I distorted my mouth and professed the following words.
「…But, still, we’re not the same kind. There’s only one difference. You try to burn them all, whereas I don’t. That’s all.」
A rough sigh leaked from my mouth. The exhalation itself through my throat was likely to burn the airway. I forcibly grasped the treasure sword with my left hand. A dull pain swirled through my body up to my lips. In the distance, I could see something that moved slightly.
There was only one thing unacceptable. I didn’t want to burn the heroes I longed for with hatred.
「I didn’t want to kick them and I didn’t want to despise them…I wanted to stand side by side with them.」
Oh, something strange was about to sprout from the bottom of my heart.

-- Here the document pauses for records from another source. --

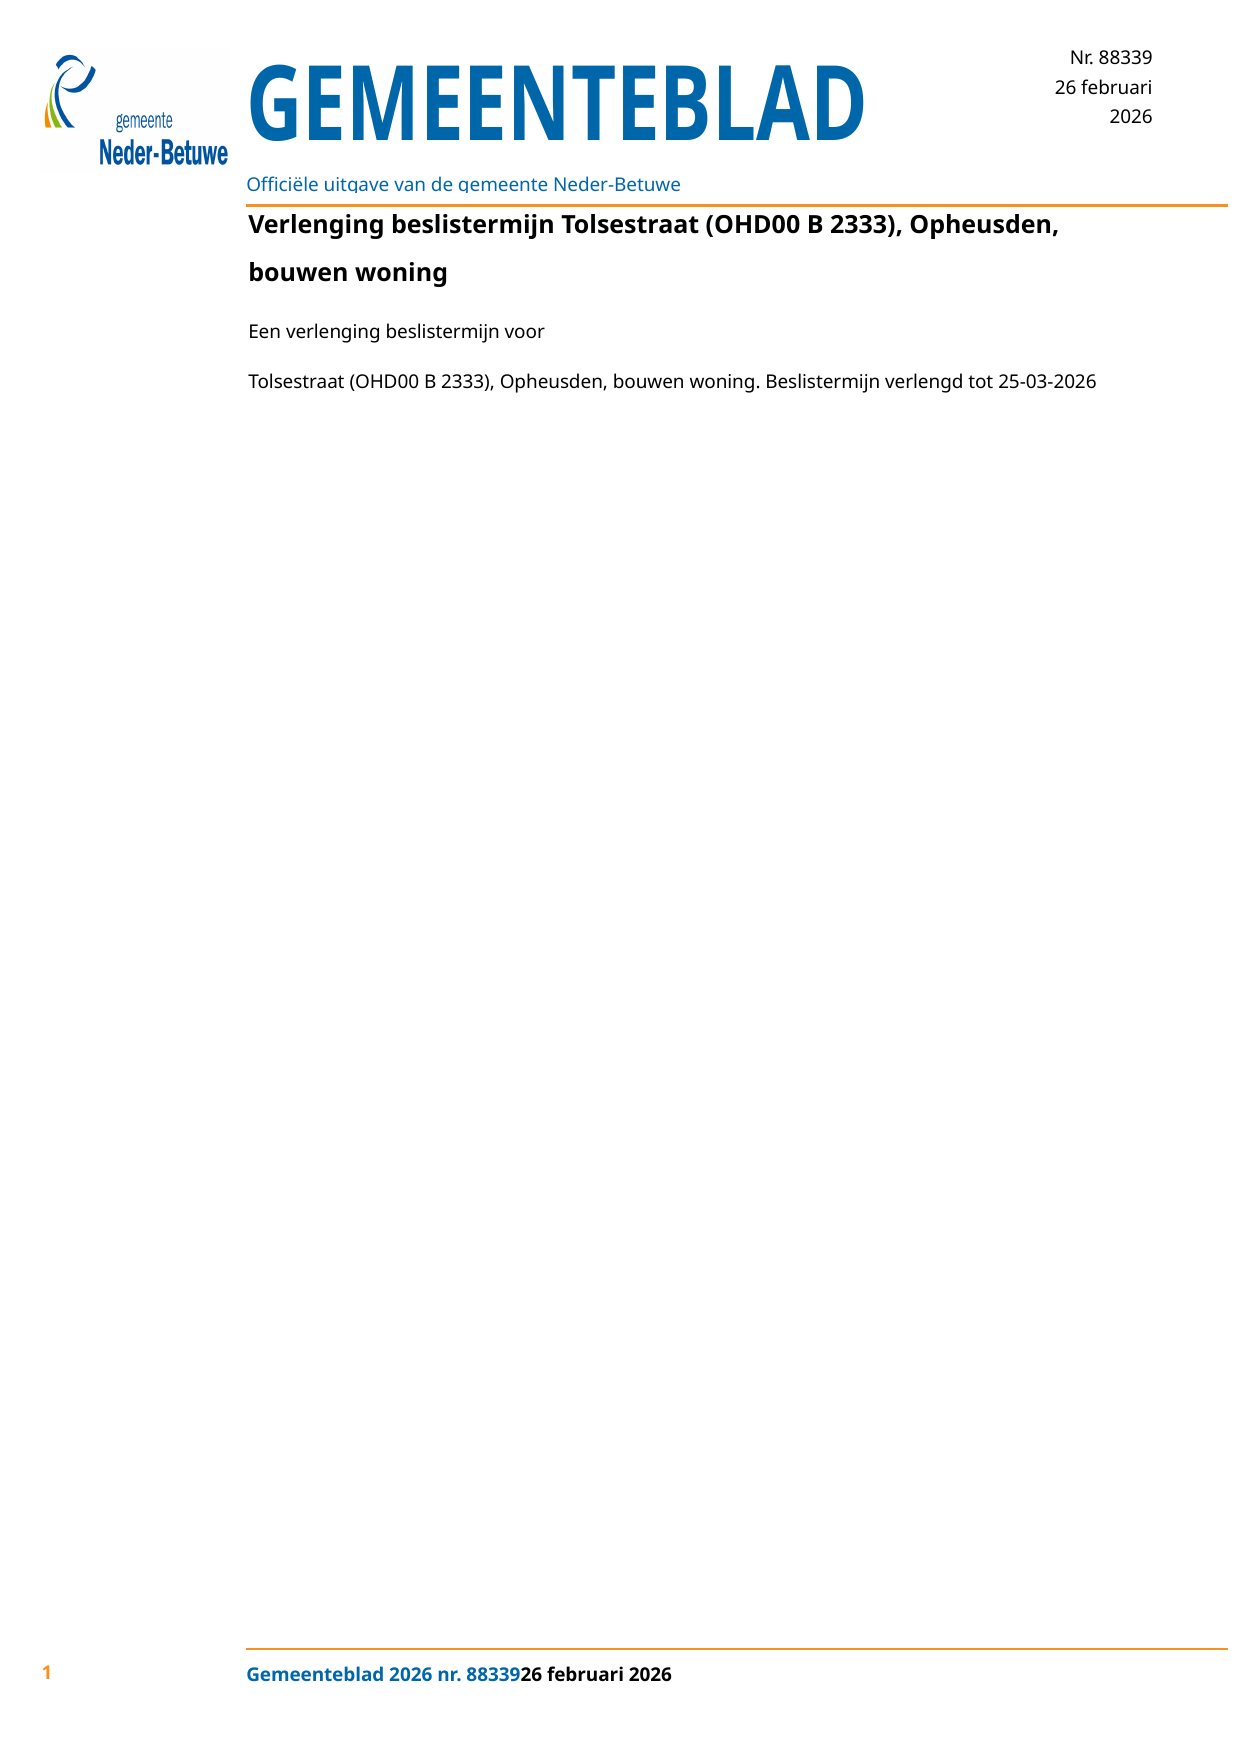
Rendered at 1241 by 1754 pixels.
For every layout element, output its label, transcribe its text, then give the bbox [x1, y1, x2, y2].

text Verlenging beslistermijn Tolsestraat (OHD00 B 2333), Opheusden, bouwen woning [248, 207, 1152, 288]
text Tolsestraat (OHD00 B 2333), Opheusden, bouwen woning. Beslistermijn verlengd tot 25-03-2026 [248, 368, 1152, 394]
picture [41, 47, 231, 172]
text Een verlenging beslistermijn voor [248, 318, 1152, 344]

I wanted to reach out to those glorious heroes. I wanted to be a person who could not only follow their backs but also walk side by side, together. The only thing that was at the root of my very being was that dazzling yearning. For that reason, I wouldn’t even mind to throw my life away.
That’s why I’ll say it. Roseau and I were similar. However, we were not homogenous.
「…It’s unfortunate, really . Then, I will burn you to ashes, enemy. 」
Roseau’s words were like a voice that said the truth of his heart. The emotion reflected in his heavily distorted eyes reminded me of sadness. Really, his expression seemed to be somewhat sad.
I held the treasure sword with only my left arm to respond to Roseau’s words. I put the blade on my right shoulder.
My body was transforming into a burnt flesh, and my skin made a scorching, distorted sound. I had this feeling of being steamed from the inside. But strangely, there was another fever behind it. It was not burning and painful; it was a very pleasant heat.
My eyes burned. I saw the shadow moving.
「Don’t worry, yes, don’t worry, Roseau. I’ll save you here. 」
Me and Roseau. I was sure that we had the same roots. But for some reason, we couldn’t be the same.
I didn’t know the reason. I didn’t know his past, and he didn’t know my past either. I was sure we wouldn’t even want to know each other’s scars. Yet, I felt a connection with him.
…But if I dared say it, I had Ariene, Mrs. Ninz and the old man. Maybe he didn’t have anybody. It was a small difference but crucial.
With such a small difference, I finally burned my yearning. There was an indescribable feeling in the back of my chest.
I stepped on the red bricks while bringing the treasure sword on my shoulder. From Roseau’s body, I could see sparks burning again. The flame snake was looking at me as if it were hostile.
I closed my eyelids for a moment and made a wish on the treasure sword.
…It goes without saying. That is already known to me.If my Lord asks me to do so, then I’ll cut it off with a single strike.Because I am a tool made for that.
At the same time as such a sound echoed in my skull, I made my legs run. With the momentum that no longer fell down, I entrusted my body to the treasure sword.
Roseau’s heat shook like a twinkle in front of my eyes. His eyes were still burning with fire. The crimson light kept burning through the night.